If you want to wipe a hard drive before getting rid of it, DBAN has several shorter wipe operations it can use, and runs from a bootable CD. Or, if you can hook up your hard drive to a Linux computer, I’ve written a small Bash script that uses GNU dd
to overwrite your drive with zeroes.
Don’t take my word, though – these recommendations (aside from my own script, of course) are also endorsed by Dr. Gutmann himself. And, if you really want to physically destroy your hard drive, he recommends DiskStroyer.
A couple of quick myths related to this: Myth: Drilling through the platters physically destroys the hard drive and the data on it. Fact: The only data actually destroyed is the relatively small percentage that the drill bit actually goes through. Any data recovery firm (or really anyone else who can pull apart a hard drive and read the platters directly) can take that drive apart and recover the rest of the data trivially. They can not, however, recover anything from a drive that’s been overwritten even one time.
Myth: Using a hammer physically destroys the hard drive and the data on it. Fact: Like the previous myth, at best you’re slightly inconveniencing a data recovery firm. You again have better results with a single-pass overwrite.
Finally, a couple of caveats about software-based data purging:
First, it doesn’t work on flash-based drives, such as portable jump drives or SSDs. Most SSDs do have a hardware-level “secure deletion” command, however manufacturers frequently implement this wrong and therefore it is unreliable. You can achieve pretty good results by “thrashing” the wear-leveling algorithms by filling the entire drive with zeroes (or ones, or random data) a couple of times, but there is likely to still be data left around even after that for someone who can pull it apart and get to the low-level hardware itself. For these devices your best option is to use encryption (e.g. via TrueCrypt [EDIT: TrueCrypt has, sadly, been abandoned; while there are alternatives, I haven’t looked into any of them so I have no recommendation for a replacement.]) and/or never store unencrypted sensitive data on them. Physical destruction is also a good bet, although you have to pull it apart to get to the flash chip(s) inside and then basically grind them into dust. A drill actually is a good choice here, but only if you can put it through the actual flash chip(s).

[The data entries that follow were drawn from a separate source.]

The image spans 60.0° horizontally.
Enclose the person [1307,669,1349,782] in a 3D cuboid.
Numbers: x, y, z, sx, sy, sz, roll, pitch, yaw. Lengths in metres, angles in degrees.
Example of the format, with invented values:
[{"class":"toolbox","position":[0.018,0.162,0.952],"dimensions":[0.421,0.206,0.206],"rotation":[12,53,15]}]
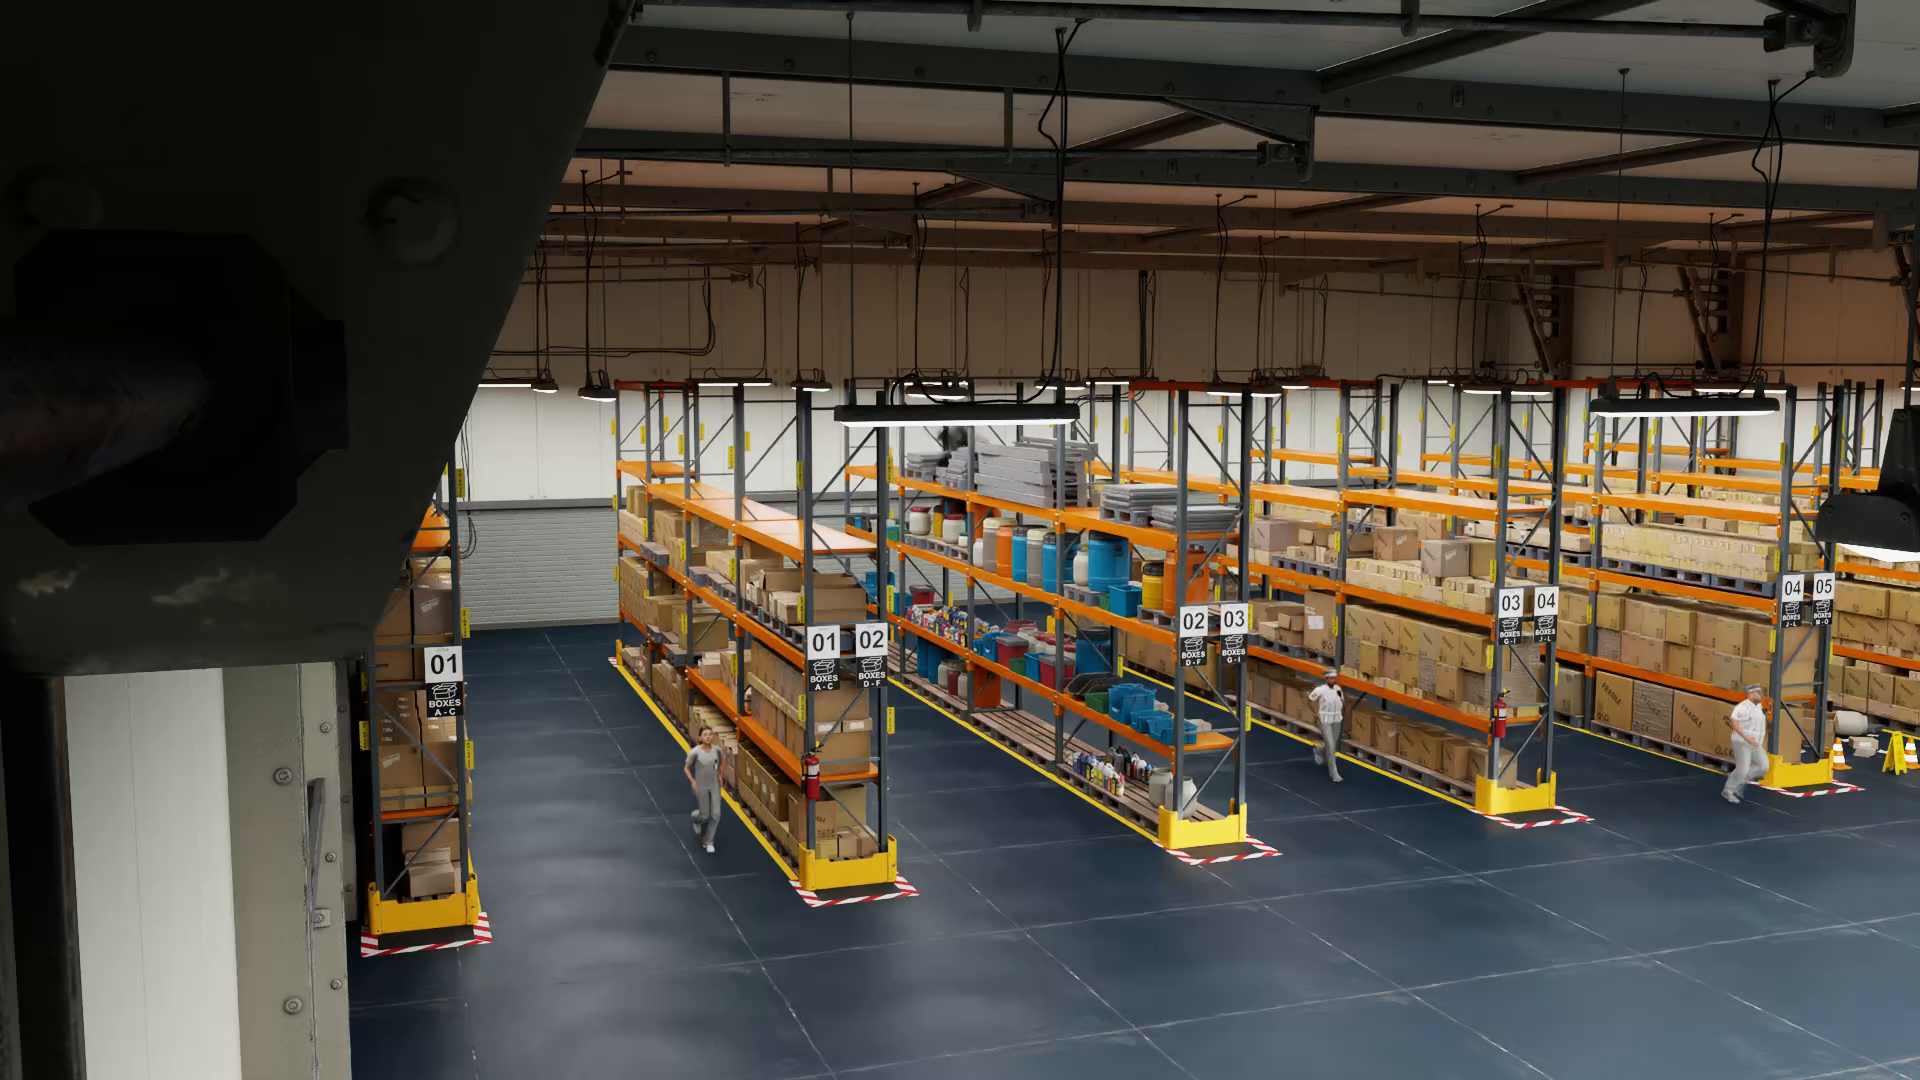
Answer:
[{"class":"person","position":[5.649,2.802,25.569],"dimensions":[0.560,1.703,0.879],"rotation":[-2,6,-20]}]

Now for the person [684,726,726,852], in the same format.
[{"class":"person","position":[-3.324,3.232,21.786],"dimensions":[0.565,1.631,0.605],"rotation":[-3,7,-25]}]

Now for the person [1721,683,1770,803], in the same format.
[{"class":"person","position":[11.496,2.933,24.159],"dimensions":[0.719,1.731,0.549],"rotation":[-3,7,-29]}]

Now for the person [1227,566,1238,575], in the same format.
[{"class":"person","position":[6.593,1.200,40.921],"dimensions":[0.505,1.640,0.675],"rotation":[-4,7,-32]}]

Second, it cannot do anything about the data that may be left over in a “bad sector” on the disk drive. Hard drives constantly monitor themselves for defects in their platters and, when one is found, they re-map it so that data that would be written there is instead redirected to a known good location. These bad sectors are impossible to access via software, but can be read by data recovery firms. However, this would amount to a few KBs, and on modern-day multi-hundred-GB and TB drives finding that data in the sea of garbage is most likely to be fruitless.